[Stored data]
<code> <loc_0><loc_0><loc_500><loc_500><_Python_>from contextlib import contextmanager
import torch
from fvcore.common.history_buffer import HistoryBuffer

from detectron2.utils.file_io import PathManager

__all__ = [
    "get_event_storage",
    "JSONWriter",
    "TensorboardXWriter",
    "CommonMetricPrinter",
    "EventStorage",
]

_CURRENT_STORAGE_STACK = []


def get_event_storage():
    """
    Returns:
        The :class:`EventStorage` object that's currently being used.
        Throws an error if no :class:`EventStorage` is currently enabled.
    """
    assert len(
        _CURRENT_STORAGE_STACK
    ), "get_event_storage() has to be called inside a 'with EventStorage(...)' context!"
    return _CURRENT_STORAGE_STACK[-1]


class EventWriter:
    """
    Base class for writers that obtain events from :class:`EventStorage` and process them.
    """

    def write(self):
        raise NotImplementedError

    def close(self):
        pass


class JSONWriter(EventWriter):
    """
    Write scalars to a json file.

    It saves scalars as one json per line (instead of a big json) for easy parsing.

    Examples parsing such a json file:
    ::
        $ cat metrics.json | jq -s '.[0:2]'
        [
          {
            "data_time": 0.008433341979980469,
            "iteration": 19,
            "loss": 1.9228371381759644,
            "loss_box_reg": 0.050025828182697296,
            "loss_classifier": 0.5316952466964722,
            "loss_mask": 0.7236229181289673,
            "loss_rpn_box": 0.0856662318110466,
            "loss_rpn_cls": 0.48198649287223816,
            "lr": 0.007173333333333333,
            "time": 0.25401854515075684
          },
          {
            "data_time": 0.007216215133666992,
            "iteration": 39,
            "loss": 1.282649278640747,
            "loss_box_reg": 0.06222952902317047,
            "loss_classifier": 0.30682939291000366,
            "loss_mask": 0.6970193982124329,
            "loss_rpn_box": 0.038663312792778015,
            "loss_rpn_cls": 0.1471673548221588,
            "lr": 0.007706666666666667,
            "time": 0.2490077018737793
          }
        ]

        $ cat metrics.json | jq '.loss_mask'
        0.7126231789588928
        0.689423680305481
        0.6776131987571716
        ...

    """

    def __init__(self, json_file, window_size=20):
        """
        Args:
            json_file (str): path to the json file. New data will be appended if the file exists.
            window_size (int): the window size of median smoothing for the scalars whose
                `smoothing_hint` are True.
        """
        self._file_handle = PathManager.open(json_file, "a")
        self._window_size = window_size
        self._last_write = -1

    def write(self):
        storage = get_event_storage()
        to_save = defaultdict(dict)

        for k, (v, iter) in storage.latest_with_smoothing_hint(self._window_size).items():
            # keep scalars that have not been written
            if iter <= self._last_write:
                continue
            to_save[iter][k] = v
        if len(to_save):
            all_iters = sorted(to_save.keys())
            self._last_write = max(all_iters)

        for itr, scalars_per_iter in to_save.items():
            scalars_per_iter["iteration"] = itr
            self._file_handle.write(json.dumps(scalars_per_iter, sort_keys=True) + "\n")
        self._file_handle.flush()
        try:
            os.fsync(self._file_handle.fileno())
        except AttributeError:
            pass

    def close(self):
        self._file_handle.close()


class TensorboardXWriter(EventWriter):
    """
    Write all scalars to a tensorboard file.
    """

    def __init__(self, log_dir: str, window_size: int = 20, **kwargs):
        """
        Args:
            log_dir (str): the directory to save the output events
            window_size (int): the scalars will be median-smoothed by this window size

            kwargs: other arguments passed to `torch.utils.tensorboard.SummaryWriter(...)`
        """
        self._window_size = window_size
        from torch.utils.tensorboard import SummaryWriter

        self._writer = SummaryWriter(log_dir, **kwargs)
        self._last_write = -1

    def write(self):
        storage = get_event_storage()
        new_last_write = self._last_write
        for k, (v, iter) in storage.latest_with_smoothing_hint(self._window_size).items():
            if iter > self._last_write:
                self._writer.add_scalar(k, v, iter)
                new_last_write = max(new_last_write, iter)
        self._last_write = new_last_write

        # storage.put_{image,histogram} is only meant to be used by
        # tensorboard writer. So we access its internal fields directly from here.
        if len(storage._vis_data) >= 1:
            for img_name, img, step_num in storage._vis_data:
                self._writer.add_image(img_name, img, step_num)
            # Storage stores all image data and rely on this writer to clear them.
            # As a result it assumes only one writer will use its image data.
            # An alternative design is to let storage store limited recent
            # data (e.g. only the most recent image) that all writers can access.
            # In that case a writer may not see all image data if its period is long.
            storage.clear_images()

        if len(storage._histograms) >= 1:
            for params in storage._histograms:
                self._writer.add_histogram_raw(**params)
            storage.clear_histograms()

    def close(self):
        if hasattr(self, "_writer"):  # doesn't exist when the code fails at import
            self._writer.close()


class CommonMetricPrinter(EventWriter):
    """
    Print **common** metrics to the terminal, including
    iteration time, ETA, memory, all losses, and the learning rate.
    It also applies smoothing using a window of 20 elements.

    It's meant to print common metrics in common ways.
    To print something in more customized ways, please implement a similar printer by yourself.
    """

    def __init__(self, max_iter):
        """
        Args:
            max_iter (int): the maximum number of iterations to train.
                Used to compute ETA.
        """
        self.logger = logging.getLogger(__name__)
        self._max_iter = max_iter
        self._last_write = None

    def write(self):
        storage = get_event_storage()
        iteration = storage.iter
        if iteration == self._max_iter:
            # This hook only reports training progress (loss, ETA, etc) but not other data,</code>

# ACTION ITEM
Every line above that carries the string "meant" should be copied.

# SOLUTION
        # storage.put_{image,histogram} is only meant to be used by
    It's meant to print common metrics in common ways.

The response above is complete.